В коридорах толпятся семьи игроков, неравнодушные жители, столичники. Я немного общаюсь с родственниками. Пришли все. Отцу больше не нужны костыли, но он прихрамывает на больную ногу. Отец навещал меня один раз в лагере, сказал, что договорился с соседями, и, если на арене я вдруг окажусь в трудной ситуации, он срочно продаст скот, ценности и отправит мне посылку.
Гостей просят занимать места в зале. Появляется Шерон — она поздно меня нашла.
— До встречи в столовой, — говорю я. Кивнув, Шерон одаривает меня улыбкой.
Игроков собирают за кулисами. Виктория покрасила волосы в чёрно-зелёный цвет. Я сперва не узнал её.

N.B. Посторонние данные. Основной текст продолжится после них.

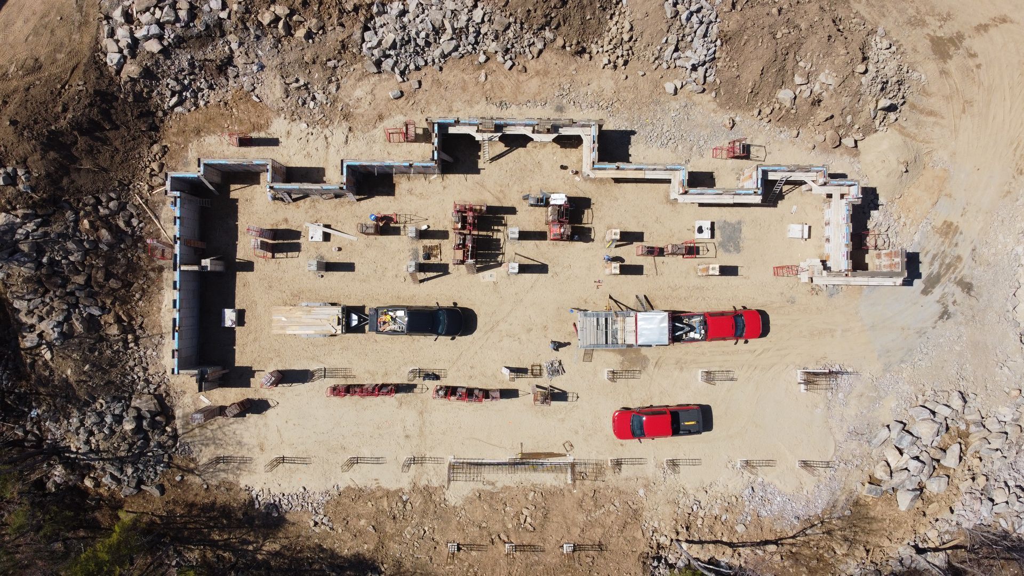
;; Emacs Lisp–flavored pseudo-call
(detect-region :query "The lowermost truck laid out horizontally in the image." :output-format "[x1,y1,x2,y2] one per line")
[611,404,701,443]
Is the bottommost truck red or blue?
red
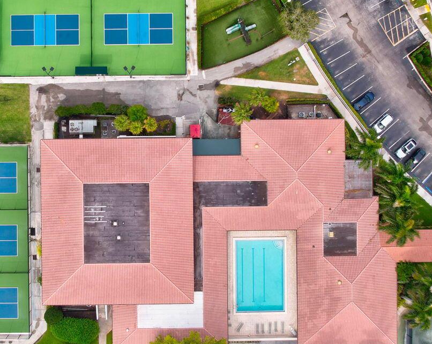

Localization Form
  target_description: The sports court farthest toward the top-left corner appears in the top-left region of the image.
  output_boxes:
[0,0,91,76]
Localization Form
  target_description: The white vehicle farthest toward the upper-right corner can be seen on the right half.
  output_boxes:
[373,111,396,135]
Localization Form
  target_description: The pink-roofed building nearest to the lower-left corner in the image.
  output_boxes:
[40,137,194,306]
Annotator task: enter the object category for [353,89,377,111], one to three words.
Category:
car
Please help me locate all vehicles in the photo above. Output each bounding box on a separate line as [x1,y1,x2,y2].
[406,147,430,170]
[373,111,396,135]
[353,89,377,111]
[394,136,419,160]
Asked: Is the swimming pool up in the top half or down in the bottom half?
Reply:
bottom
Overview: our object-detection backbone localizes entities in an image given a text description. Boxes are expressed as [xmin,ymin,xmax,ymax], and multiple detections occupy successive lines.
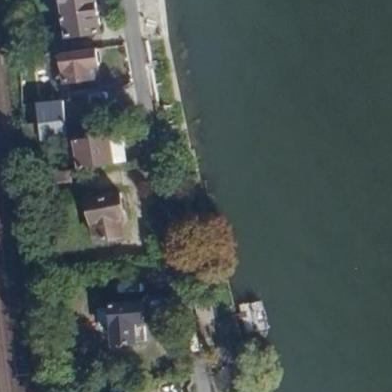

— Нравится цвет волос? — спрашивает Виктория. — Не решилась коротко стричься. — Девушка берёт свою длинную тугую косу в кулак и проводит рукой сверху-вниз, как бы напоминая о том, что случилось накануне. Её чуть вывернутые пухлые губы смеются. Я не могу сдержать ухмылки.
— Цвет ужасный, но для игр подходит.
— Перекрашу потом обратно.
На сцену поднимаются постоянные комментаторы игр, они же ведущие данного мероприятия. Один наш, другой столичник. Наш сутулый, нескладный пожилой мужчина в серой хлопковой рубашке и коричневых брюках. Столичный — молодой, мажорный, в приталенном синем костюме и шёлковой пурпурной рубашке. Его длинные серебристые волосы стильно уложены набок.